Turning the sound down this time, she started working through the video a frame at a time.
The video was high-def. At least that small detail told her something — this killer either had some money or was a thief. Home-video high-def camcorders had come down in price, but were not cheap.
No sign that the woman, during the sex act, sensed anything wrong until the last second. Nor any indication the victim knew she was being recorded.
Still, this was the acting town, so who could say? The camera stayed in a fixed position, hidden, possibly behind two-way glass.
Next time through, Chase studied the room itself. Walls were dark, furniture limited to the brass bed and a barely visible nightstand, covered with some sort of filmy fabric, atop which sat what appeared to be a simple glass vase filled with roses.
She focused on the flowers. Aside from that philodendron, she knew squat about plants. Roses came in colors and there were scads of varieties, but that was the extent of her expertise.
Bed against a wall. Not a hotel room — Don Juan had a place of his own, she figured. She looked for shadows that might give away the position of a window or the sun or any damn thing...
... but there was nothing.
This bastard would kill again if they didn’t stop him; he would accelerate, as promised, if they didn’t get him before he knew Harrow had not acceded to his demands.
There had to be something in this video, but Chase was damned if she could find it. Sitting back and sighing and shaking her head, she hoped the rest of the team was having better luck.
Then she started again.
Chapter Twelve
Amari felt something twist inside her as she watched this morning’s corpse return to life. Not quite vibrant life, because the blonde seemed druggy to Amari. Still, the woman appeared to be enjoying the sex she shared with her barely glimpsed lover.
She made a mental note to make a priority of checking the victim’s tox screen. She already suspected that Don Juan had dosed his victim with flunitrazepam, better known by the trade name Rohypnol, more commonly called roofies.
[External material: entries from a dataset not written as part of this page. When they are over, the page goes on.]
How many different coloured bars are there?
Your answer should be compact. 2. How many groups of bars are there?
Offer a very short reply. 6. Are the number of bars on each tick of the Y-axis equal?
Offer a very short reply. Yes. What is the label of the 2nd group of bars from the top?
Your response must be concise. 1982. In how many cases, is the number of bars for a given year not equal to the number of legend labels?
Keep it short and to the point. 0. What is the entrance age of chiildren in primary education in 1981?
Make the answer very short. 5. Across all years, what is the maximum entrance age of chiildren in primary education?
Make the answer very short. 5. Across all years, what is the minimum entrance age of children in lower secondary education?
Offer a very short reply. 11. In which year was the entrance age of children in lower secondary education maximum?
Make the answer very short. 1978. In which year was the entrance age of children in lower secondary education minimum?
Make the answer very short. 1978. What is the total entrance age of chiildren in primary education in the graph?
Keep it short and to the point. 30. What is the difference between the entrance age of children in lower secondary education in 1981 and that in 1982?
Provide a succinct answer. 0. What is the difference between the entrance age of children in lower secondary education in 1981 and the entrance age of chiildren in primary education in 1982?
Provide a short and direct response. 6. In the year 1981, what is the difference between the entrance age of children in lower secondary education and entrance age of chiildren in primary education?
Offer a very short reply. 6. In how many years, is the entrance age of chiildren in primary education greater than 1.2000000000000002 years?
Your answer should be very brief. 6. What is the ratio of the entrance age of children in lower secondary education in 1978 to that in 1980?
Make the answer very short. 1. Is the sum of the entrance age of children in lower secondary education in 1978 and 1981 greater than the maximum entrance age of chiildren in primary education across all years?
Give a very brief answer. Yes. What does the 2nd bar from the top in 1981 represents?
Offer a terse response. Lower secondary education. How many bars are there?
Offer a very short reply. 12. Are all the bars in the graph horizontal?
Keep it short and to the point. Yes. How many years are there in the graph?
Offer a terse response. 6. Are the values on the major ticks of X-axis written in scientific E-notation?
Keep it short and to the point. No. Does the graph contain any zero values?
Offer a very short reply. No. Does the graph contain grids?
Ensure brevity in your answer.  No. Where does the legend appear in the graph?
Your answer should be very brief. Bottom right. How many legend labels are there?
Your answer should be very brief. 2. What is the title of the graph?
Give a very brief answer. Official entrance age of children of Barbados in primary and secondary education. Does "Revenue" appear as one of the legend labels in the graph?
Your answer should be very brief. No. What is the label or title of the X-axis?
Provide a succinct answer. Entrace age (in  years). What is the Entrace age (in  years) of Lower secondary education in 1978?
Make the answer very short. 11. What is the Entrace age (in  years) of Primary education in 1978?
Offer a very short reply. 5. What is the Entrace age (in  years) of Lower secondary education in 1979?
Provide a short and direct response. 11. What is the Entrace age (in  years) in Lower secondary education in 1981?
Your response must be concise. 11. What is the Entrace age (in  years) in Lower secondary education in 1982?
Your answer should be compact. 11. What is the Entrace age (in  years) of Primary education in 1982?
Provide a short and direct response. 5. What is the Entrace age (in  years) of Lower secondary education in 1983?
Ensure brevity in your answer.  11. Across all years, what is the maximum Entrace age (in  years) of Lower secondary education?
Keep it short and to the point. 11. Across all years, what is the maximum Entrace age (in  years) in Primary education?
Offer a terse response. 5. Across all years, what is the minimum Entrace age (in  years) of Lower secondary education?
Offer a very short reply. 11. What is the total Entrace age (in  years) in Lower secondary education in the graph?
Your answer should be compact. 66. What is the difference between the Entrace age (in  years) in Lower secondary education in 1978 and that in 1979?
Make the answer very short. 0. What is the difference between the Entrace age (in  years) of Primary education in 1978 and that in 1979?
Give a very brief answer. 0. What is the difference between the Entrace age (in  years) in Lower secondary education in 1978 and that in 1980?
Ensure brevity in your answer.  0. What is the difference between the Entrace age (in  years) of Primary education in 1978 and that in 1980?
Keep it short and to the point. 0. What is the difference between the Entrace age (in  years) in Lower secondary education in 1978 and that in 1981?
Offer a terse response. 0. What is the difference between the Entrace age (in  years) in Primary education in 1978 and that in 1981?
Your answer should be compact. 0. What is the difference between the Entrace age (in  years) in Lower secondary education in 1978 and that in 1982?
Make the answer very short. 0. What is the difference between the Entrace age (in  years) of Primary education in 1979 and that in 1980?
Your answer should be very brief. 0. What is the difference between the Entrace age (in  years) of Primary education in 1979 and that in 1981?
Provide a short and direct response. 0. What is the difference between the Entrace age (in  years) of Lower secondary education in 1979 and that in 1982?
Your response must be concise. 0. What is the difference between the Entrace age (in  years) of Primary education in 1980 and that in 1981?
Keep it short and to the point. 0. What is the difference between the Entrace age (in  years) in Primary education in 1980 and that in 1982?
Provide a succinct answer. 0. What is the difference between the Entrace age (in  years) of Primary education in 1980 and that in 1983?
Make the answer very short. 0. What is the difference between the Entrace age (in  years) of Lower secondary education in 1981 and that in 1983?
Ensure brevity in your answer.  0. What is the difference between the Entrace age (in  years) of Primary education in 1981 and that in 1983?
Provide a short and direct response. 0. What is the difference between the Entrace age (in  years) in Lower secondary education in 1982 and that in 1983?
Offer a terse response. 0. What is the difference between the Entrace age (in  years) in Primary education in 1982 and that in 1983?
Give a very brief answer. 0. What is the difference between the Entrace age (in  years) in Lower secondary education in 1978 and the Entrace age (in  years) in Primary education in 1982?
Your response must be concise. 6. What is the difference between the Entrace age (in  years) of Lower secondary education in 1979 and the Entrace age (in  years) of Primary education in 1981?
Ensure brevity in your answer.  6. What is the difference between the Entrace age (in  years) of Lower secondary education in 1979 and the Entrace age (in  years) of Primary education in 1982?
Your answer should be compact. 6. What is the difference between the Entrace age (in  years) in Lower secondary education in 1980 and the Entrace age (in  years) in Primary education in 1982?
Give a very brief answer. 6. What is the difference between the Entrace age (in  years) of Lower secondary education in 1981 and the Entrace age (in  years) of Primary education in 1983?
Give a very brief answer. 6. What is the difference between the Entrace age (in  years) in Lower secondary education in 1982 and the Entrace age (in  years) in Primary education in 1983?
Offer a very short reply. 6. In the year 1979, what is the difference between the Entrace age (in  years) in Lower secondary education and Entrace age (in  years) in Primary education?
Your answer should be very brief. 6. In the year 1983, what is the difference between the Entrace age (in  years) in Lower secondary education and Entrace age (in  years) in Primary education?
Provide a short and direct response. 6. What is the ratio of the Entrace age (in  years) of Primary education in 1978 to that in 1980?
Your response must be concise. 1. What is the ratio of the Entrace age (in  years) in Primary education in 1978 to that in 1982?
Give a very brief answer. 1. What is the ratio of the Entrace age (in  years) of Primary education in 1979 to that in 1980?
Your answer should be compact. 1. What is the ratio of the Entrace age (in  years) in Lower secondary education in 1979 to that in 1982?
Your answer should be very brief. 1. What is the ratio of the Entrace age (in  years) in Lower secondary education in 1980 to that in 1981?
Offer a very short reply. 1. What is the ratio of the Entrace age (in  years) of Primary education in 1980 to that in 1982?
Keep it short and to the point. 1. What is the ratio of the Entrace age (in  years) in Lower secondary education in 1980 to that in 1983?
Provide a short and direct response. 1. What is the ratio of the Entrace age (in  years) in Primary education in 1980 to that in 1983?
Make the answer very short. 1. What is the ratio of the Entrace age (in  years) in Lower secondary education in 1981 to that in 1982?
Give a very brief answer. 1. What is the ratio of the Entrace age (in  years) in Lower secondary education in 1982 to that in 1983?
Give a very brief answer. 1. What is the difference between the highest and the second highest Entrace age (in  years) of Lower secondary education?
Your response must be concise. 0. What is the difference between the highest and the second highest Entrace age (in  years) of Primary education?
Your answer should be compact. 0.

When the video ended, Harrow closed the lid of the laptop with a somber finality.
Polk sat with a wide-eyed, bloodless expression, still trying to process what he’d just seen.
They were in Harrow’s office at UBC. Harrow was behind his desk, and network president Dennis Byrnes and attorney, Lucian Richards, Jr., bookended Amari and Polk, in visitor’s chairs.
Amari said to Harrow, “When exactly did you receive this, Mr. Harrow?”
“One of our writer-producers, Carmen Garcia, showed it to me early this afternoon She interrupted a meeting I was having with Dennis.”
Amari nodded. “But you didn’t call the police until when?”
“I’m sure you know when the call came in.”
Byrnes said, “We wanted to get an educated opinion on what this thing is, before calling you.”
“Well, it’s somebody cutting a woman’s throat, Mr. Byrnes, and then stabbing her repeatedly.”
“Lieutenant Amari, we get a lot of prank and crank tips at Crime Seen. We needed to try to ascertain if this was genuine or staged, before possibly wasting your time.”